There are TONS of menu options under settings, most allow a better e-reading experience. You can edit such facets as line space settings, line break, alignment font size and so on. Although one drawback of this is that you can not actually change the font. You are stuck with the default one it gives you.
The other settings include a clock, a screen orientation option, factory defaults, an upgrade option and a few other settings that are not too important. The Screen orientation is pretty slick, as it allows you a veritable 360 degree switching via Portrait and Landscape.
It also comes bundled with two games, a Tetris clone and Suduku. Both games have various difficulty settings to give you a break from reading. No word yet from Ectaco if they will release other games for download and installation in a future firmware update. Speaking of firmware updates the only way you can update your Mini with future upgrades is via SD Card only, so you will have to purchase one. Jetbook as already released a full patch that fixes some SD card issues and allowed Added Calibre UM.
eBook and Content Delivery System
The Ectaco Jetbook mini comes bundled with English, French, Italian, Portuguese, German, Spanish, Polish and Russian language options for the interface.
As far as ebook formats this device will read, its very sparse, it only reads FB2 or TXT, but you can use Calibre in order to convert virtually any ebook format, such as EPUB, LIT, LRF, MOBI to this supported format. The device also comes bundled with 11 open source ebooks and the instruction manual.

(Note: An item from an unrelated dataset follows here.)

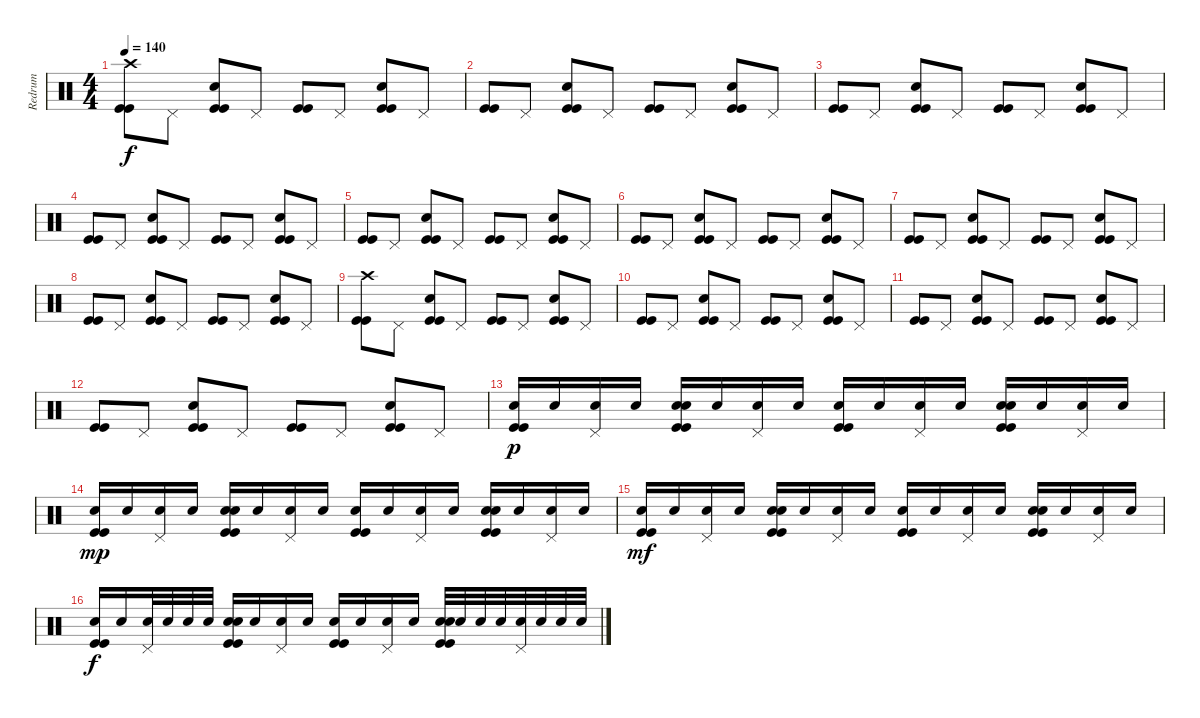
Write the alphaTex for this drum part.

Ectaco does not run or operate an ebook store, and does not really give you any instructions on how to copy ebooks to your device. When you plug your Jetbook Mini into your computer, all of your ebooks, files and content are all lumped into 1 directory, making it very cluttered, with default settings. If you want to copy ebooks to your device you have one option, manually copy and pasting them. The Mini does not accept DRM books, so it hampers your buying decisions from other companies.
Our Take on the Jetbook Mini
This is a very small e-reader, it sometimes feels slow and sluggish at times. Its more noticeable when you are accessing the settings menu or doing tasks that require menu navigation. It can often take a few seconds for the device to refresh itself in order for your options to be displayed. Page turns though are quick and prompt, and does not have the lag on turning pages like the first edition of the Kobo had, or many other e-readers right out of the box.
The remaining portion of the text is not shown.